16 Ağustos 2012 Perşembe

İlginç Bir Deneyin Yorumu: 6 Saniyede Yaşamak

    Şu an internette gördüğünüz başlıklar içerisinde eğer bu yazıyı açıp okuyorsanız, zaten daha sayfayı açmadan kararınız bu yöndeydi. Aynı şekilde sabahları uyandırmak için kurduğunuz saati kapatıp uyumaya devam ediyorsanız, daha gözünüzü açmadan bu kararı vermiştiniz bile... Önünüzdeki seçenekler içinde seçtiğiniz yol her neyse, zaten seçmeden, seçiminizi o yönde yapmışsınız demektir... Mesela tatil yapma şansınız olsa dünyanın hangi şehrinde yapardınız, diye bir soru sorsam cevabı ilk anda verecek kişiler olacaktır ama hâlâ düşünenlerin cevabını şuuraltı çoktan verdi. Bu söylediklerim elbette bazıları için masal gibi gelebilir veya "öyleyse bizim seçme irademiz yok mu?" sorusunu sorabilirler.

    Ancak aldığımız kararların zamanlamasını araştırmak için yapılan bir deneyde aslında kararları bilincimiz değil bilinçaltımız tarafından alındığını göstermiştir.
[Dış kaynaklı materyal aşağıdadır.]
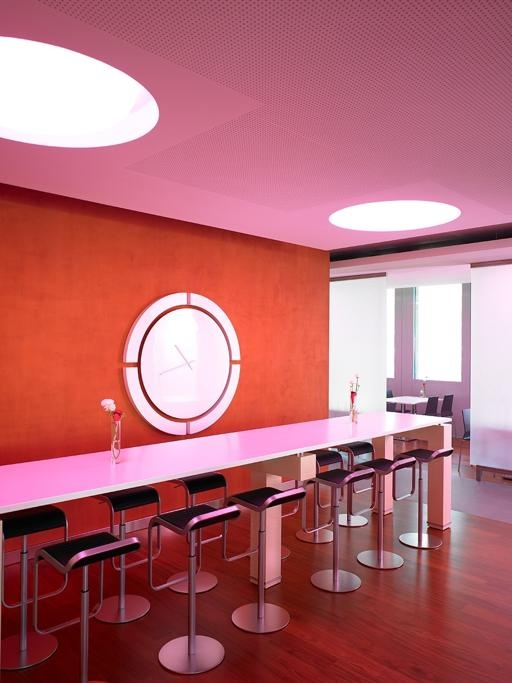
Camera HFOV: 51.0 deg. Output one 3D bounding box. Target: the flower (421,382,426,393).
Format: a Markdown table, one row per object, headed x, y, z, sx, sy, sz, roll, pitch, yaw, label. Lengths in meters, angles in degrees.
| x | y | z | sx | sy | sz | roll | pitch | yaw | label |
| --- | --- | --- | --- | --- | --- | --- | --- | --- | --- |
| 2.794 | 0.775 | 8.962 | 0.049 | 0.217 | 0.087 | 0 | 0 | -6 | flower |
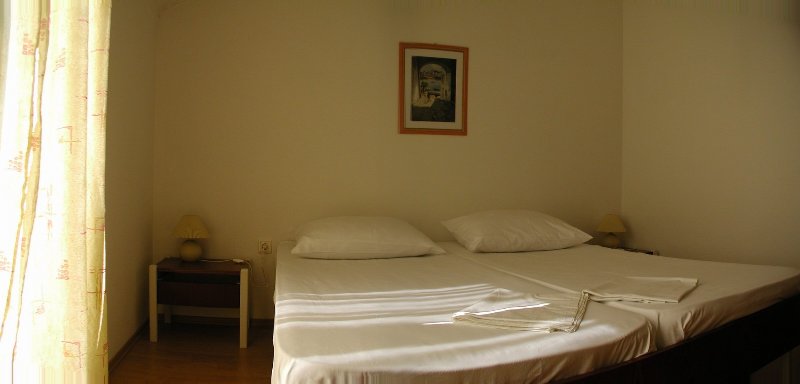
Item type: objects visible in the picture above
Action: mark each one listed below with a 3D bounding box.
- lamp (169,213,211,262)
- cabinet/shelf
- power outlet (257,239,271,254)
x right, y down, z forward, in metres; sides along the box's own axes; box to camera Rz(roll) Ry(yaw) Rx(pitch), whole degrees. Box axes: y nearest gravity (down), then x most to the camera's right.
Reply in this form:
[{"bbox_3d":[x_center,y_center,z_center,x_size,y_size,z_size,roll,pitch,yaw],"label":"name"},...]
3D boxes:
[{"bbox_3d":[-2.088,0.441,5.063,0.486,0.495,0.475,-2,1,9],"label":"lamp"},{"bbox_3d":[-1.999,0.969,5.359,1.288,0.863,0.842,1,2,0],"label":"cabinet/shelf"},{"bbox_3d":[-1.414,0.560,5.274,0.173,0.152,0.024,1,0,-10],"label":"power outlet"}]
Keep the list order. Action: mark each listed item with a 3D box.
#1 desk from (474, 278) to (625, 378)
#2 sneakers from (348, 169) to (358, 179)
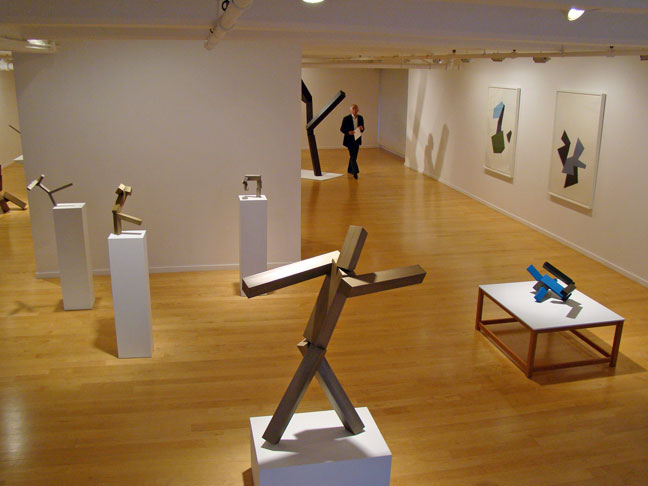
[{"bbox_3d":[2.597,0.955,5.922,1.374,0.656,1.100,-1,16,-9],"label":"desk"},{"bbox_3d":[0.788,-1.883,14.063,0.182,0.171,0.297,-7,24,-16],"label":"sneakers"}]
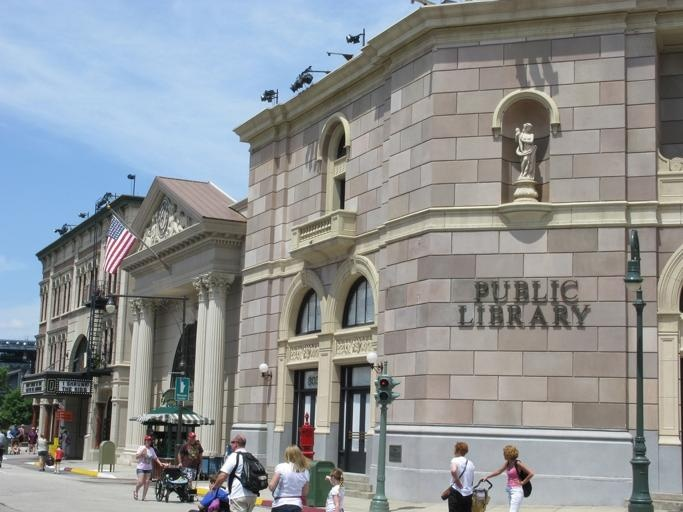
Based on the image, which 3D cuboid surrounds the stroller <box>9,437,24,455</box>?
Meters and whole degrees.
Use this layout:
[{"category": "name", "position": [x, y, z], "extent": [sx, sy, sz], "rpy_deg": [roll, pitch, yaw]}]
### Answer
[{"category": "stroller", "position": [-22.687, 13.350, 68.912], "extent": [0.916, 1.156, 1.871], "rpy_deg": [4, -28, -17]}]

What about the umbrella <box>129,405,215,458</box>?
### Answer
[{"category": "umbrella", "position": [-7.050, 7.572, 43.421], "extent": [4.045, 2.789, 4.029], "rpy_deg": [3, -8, -23]}]

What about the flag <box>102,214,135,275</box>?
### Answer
[{"category": "flag", "position": [-10.557, -0.542, 47.303], "extent": [1.183, 3.120, 1.355], "rpy_deg": [6, -18, -14]}]
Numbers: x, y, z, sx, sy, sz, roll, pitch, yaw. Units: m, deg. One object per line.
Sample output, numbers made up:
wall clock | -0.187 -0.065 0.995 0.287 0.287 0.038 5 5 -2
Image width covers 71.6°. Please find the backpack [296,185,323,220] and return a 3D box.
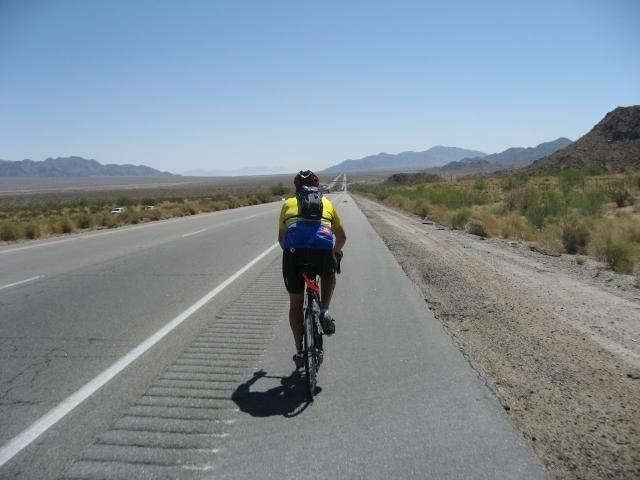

Yani bilinçaltımızın bizi yönlendirdiği her seçim aslında bizim kendimize kodladığımız isteklerden başka bir şey değildir. Yani kendimizi programlayan yine biziz.
    Deney şu şekildeydi: Bir beyin tarayıcısı içerisine giren deneğin ellerine bir takım tuşlar verilir ve rastgele basması istenir. Tarayıcı tuşa basma anı ile beynin karar verdiği an arasındaki farkı gösterir. Denek tuşa basmadan 6 saniye önce kararın çoktan verildiği beyin sinyallerinden anlaşılır. Bilinçaltımız saniyeler önce karar vermiştir.

    BBC'de yapılan araştırma sonucu şöyledir: "Bilinçli akıl, beyin aktivitelerine kodlanmıştır beyin aktiviteleri tarafından gerçekleştirilir. Ancak bilinçaltımız da beyin aktivitemizde olan belli yönlerimizin, istelerimizin ve eğilimlerimizin farkındadır. Yani bilinçaltımızın aldığı hiçbir karar istemediğimiz bir şey yaptıramaz."
    Yapılan deney ve sonucu bu şekildeydi ama hem araştırmacılar hem de denek sonuçtan çok ürkmüştü. Hayatımıza yön veren asıl şeyin ne veya hangi tür eylemlerin olduğunu keşfetmek hayatî derecede önemliydi. Kararlar bilinçaltımız tarafından veriliyor ise onu yönetebilmek gerekiyordu. Biliçaltıysa alışkanlıklar ve tekrarlarla öğreniyor. Yani tekrarlanan aktiviteler. Hayatta sürekli neyi uygularsak onunla karşılarız.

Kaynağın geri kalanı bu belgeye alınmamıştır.